ACTION ITEM » Give the count of lines in the data that include the string "block", with no added remarks.

-- GIVEN DATA follows --

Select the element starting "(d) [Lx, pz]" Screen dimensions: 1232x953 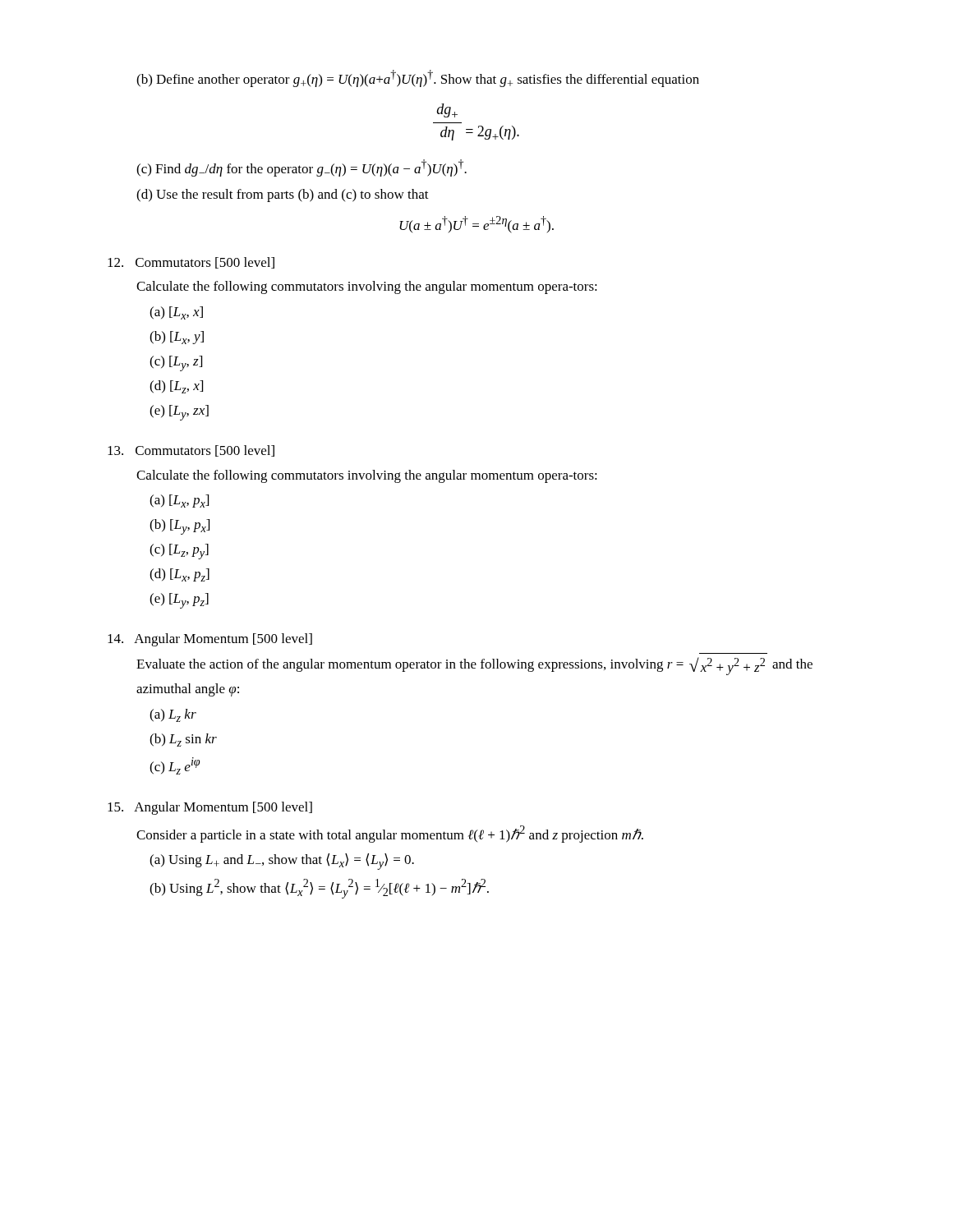click(x=180, y=575)
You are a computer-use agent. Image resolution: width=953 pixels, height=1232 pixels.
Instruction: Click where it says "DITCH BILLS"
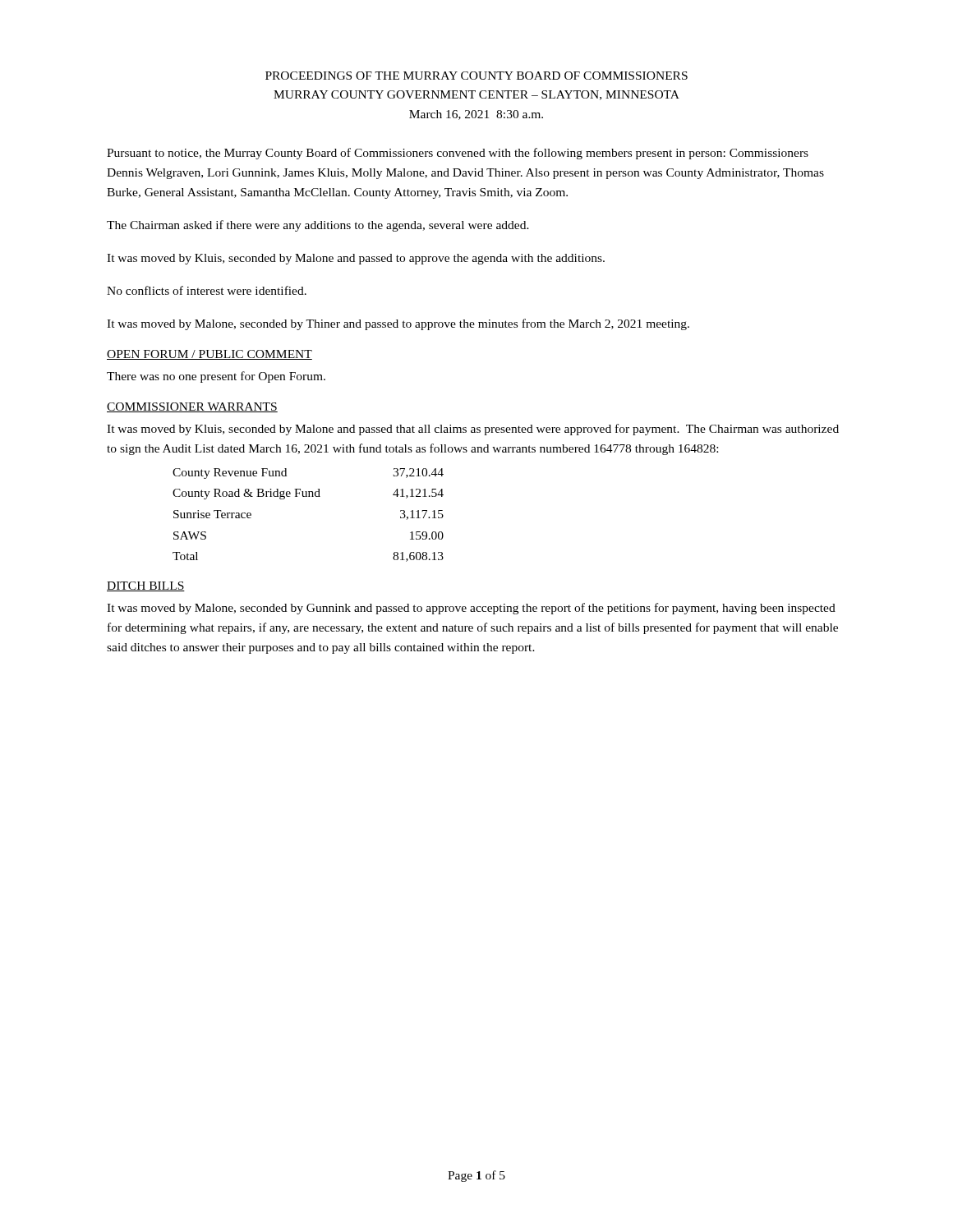pos(146,585)
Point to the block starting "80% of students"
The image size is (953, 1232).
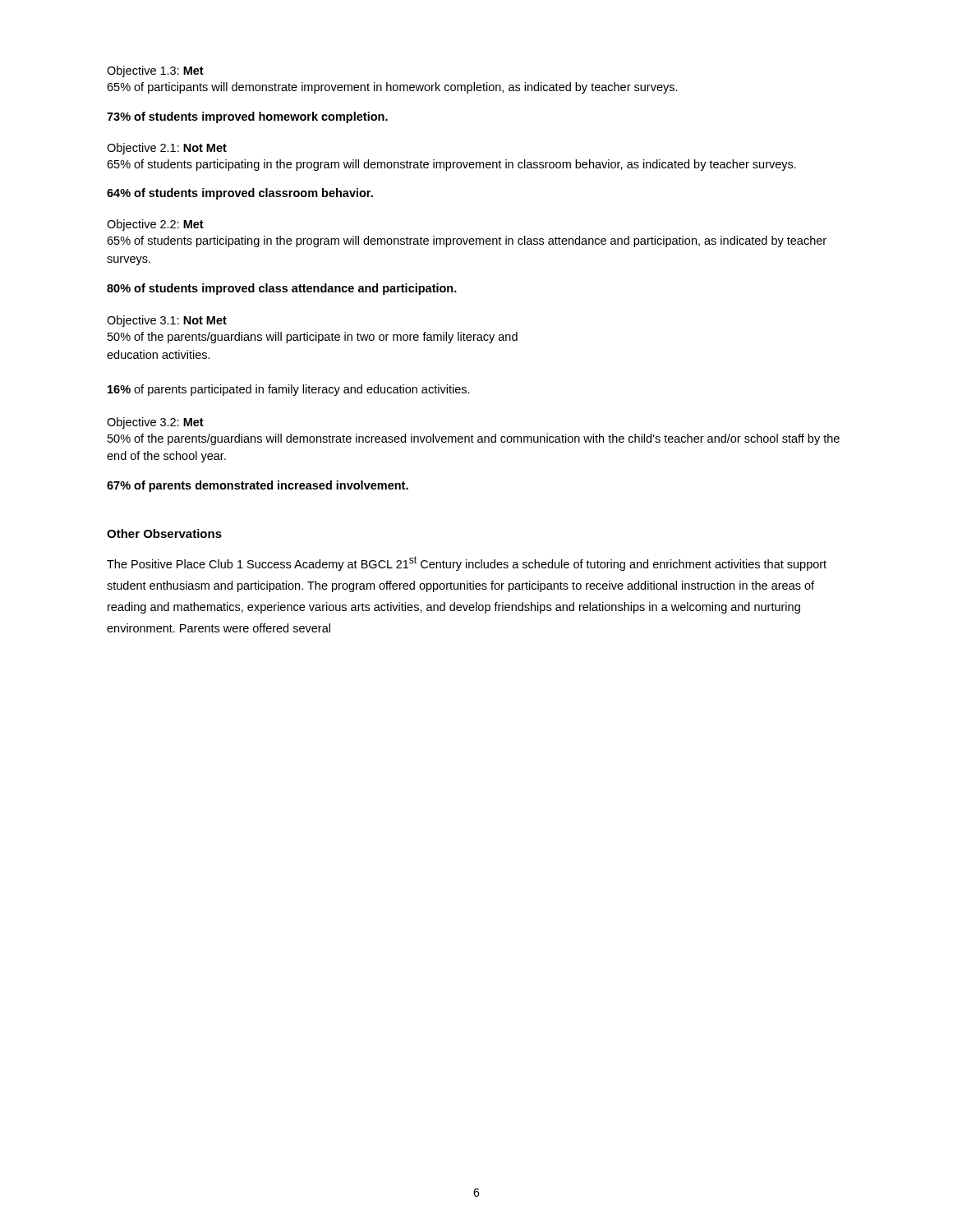[282, 288]
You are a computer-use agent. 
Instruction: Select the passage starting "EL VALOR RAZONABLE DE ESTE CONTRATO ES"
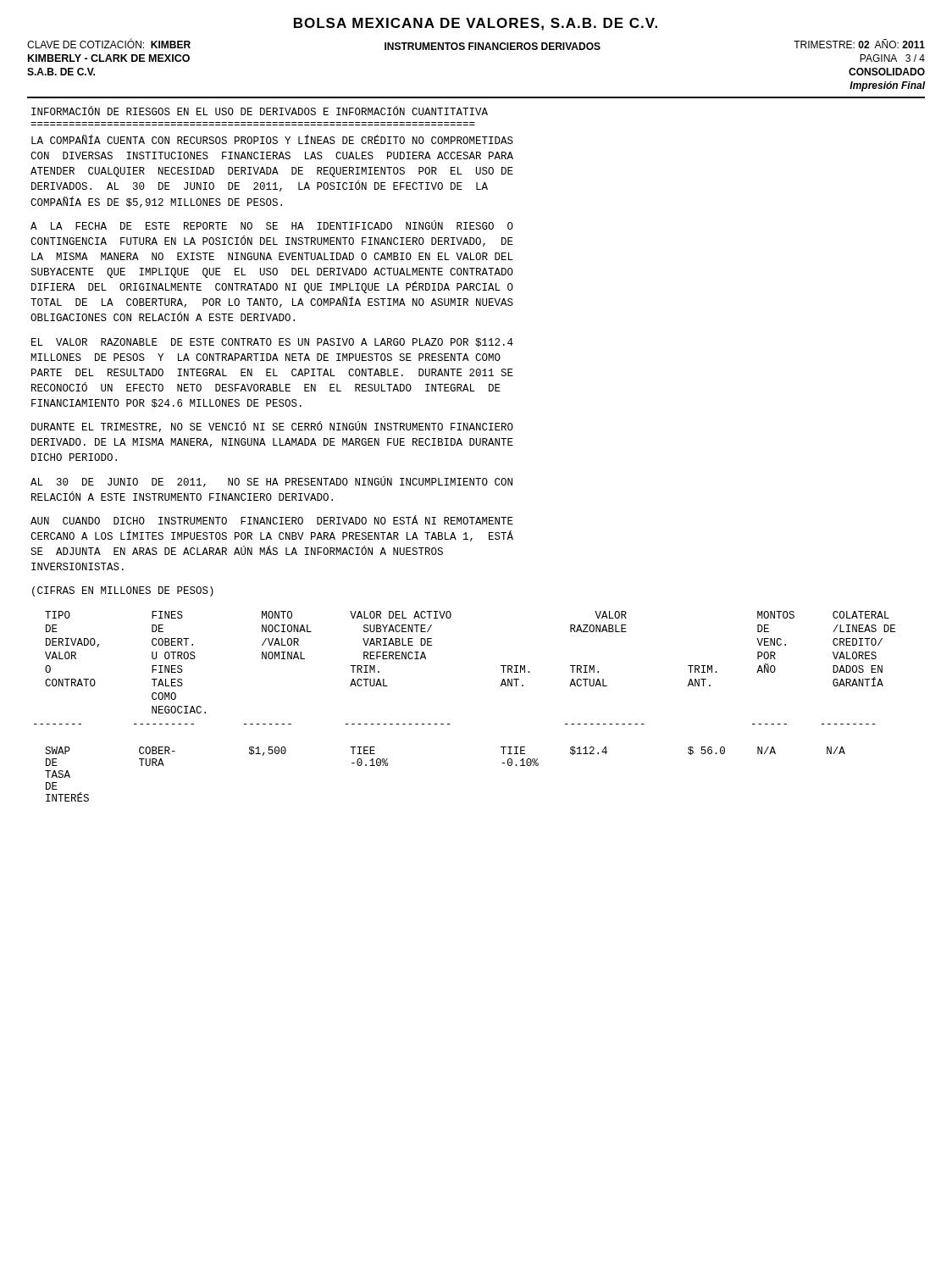(272, 373)
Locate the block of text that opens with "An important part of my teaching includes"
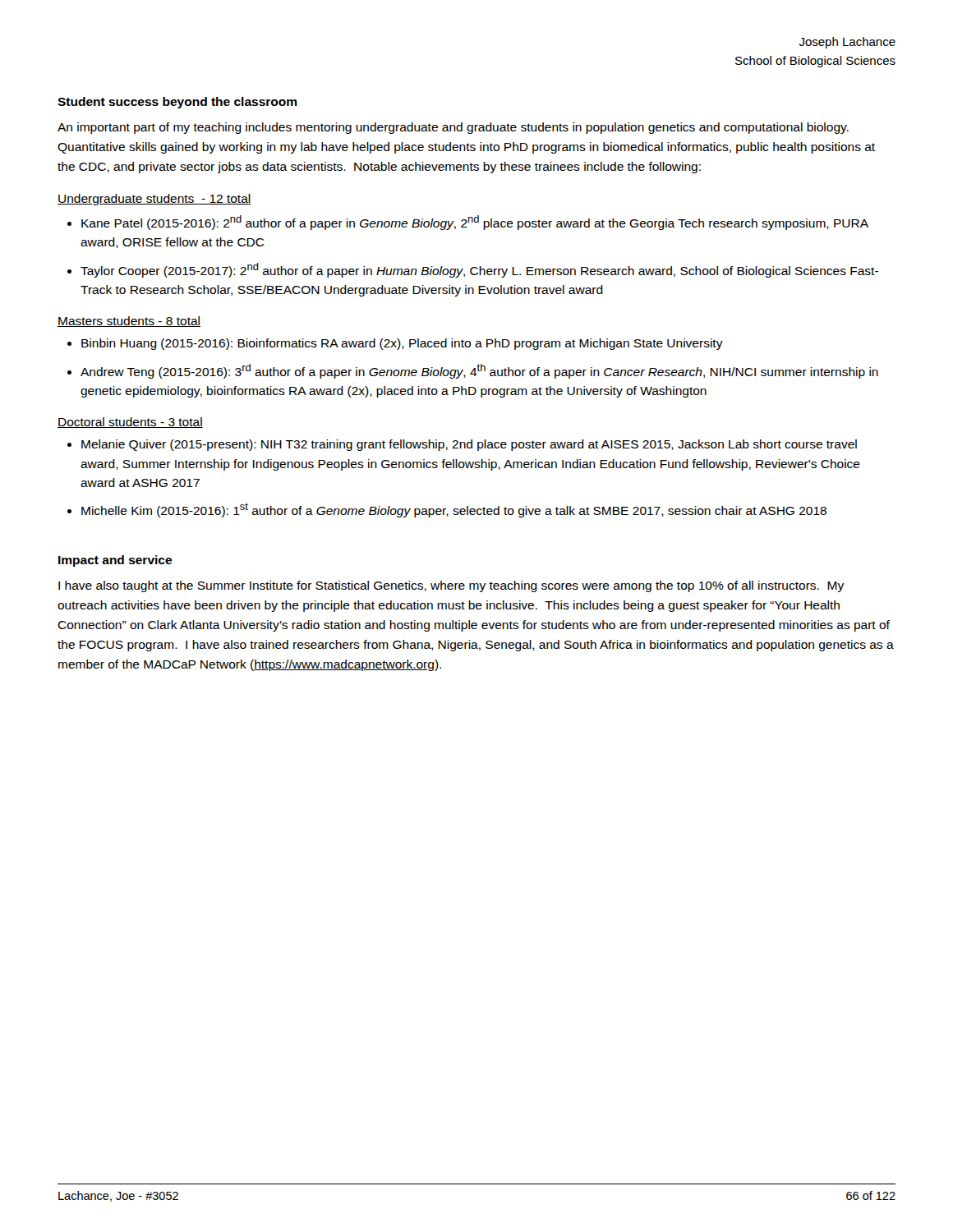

-- GIVEN DATA concluded --

EXERCISE OUTPUT » 2